> Problem: What the answer must hold is the line containing "Locate the text" and all lines after it through the end of the listing, copied exactly, with pictures left out.

> Given records:
= Beginning of Section =
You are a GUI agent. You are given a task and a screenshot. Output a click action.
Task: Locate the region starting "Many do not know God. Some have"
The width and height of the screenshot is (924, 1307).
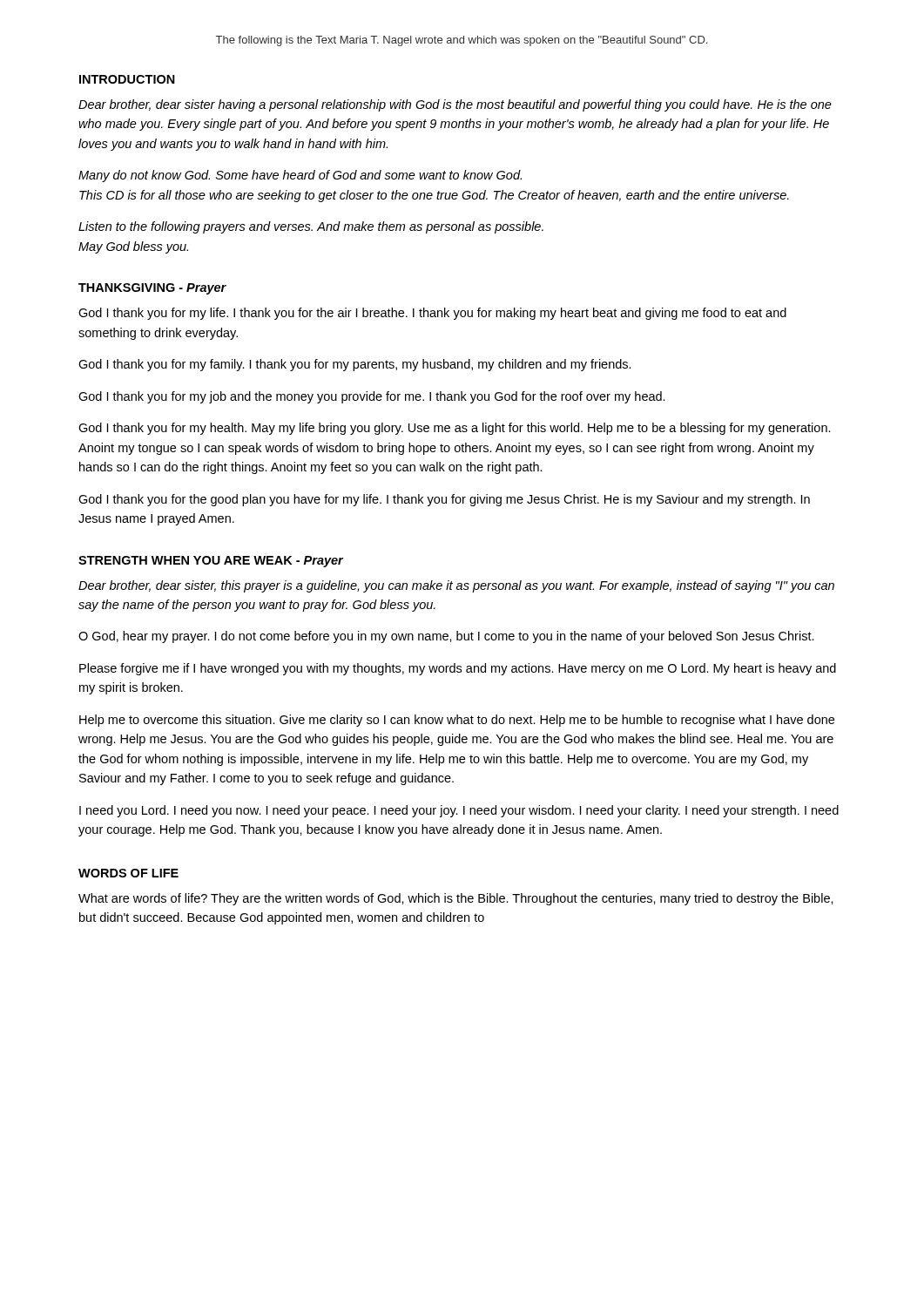click(434, 185)
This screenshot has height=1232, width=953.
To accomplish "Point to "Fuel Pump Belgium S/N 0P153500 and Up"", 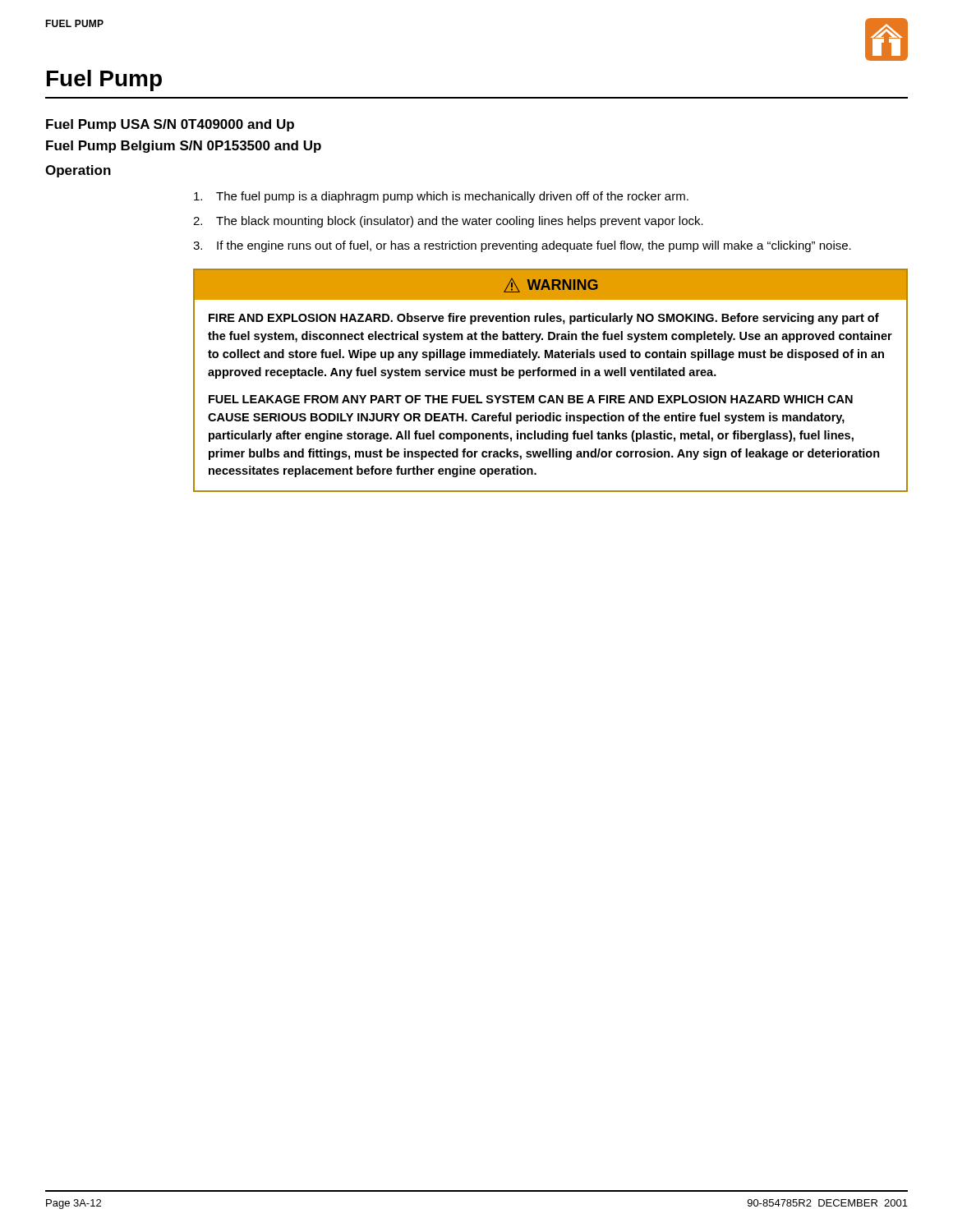I will pos(183,146).
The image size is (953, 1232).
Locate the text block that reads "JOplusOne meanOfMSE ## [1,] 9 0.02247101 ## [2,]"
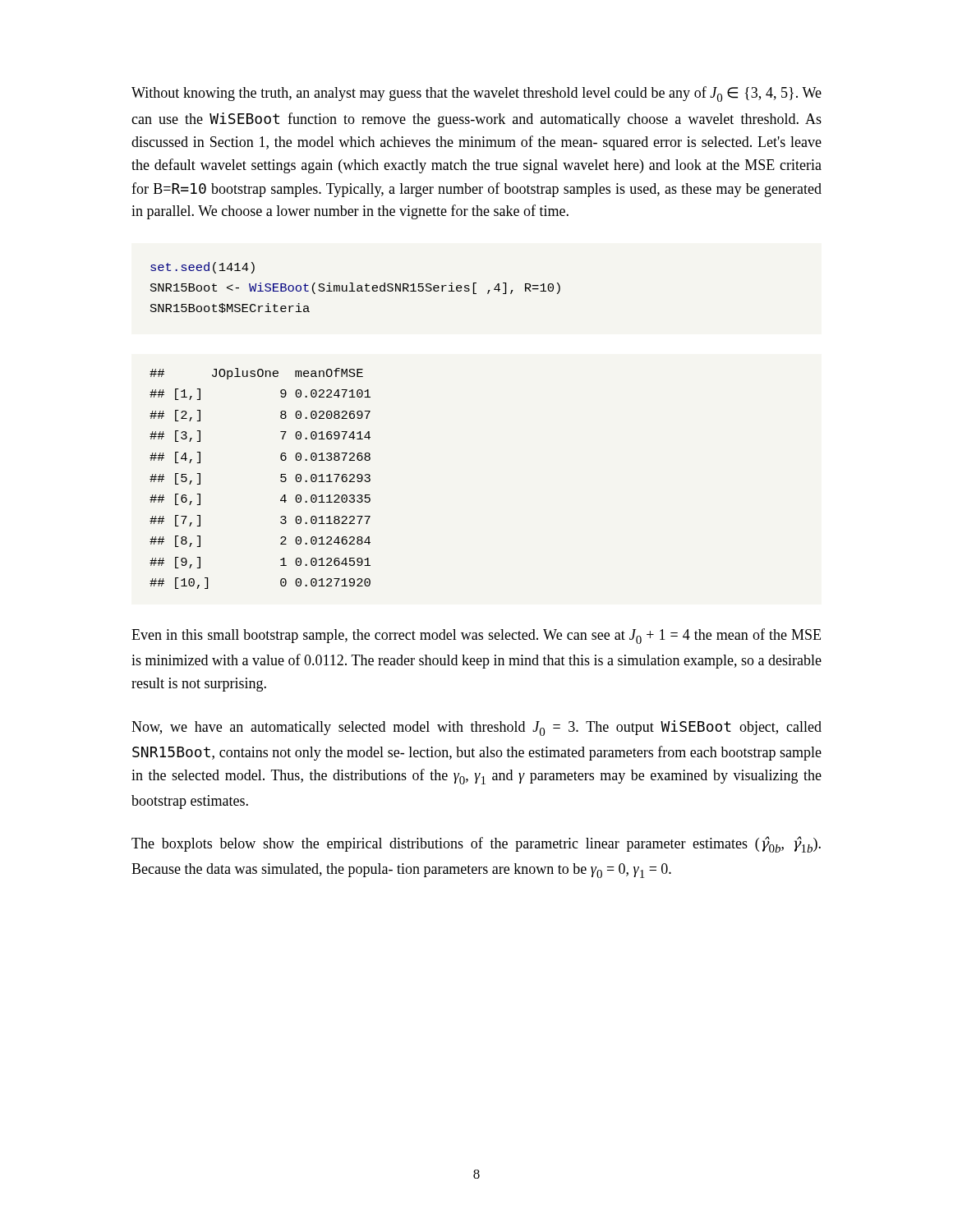256,374
= End of Section =
> Output for this exercise:
Locate the text block that reads "JOplusOne meanOfMSE ## [1,] 9 0.02247101 ## [2,]"
256,374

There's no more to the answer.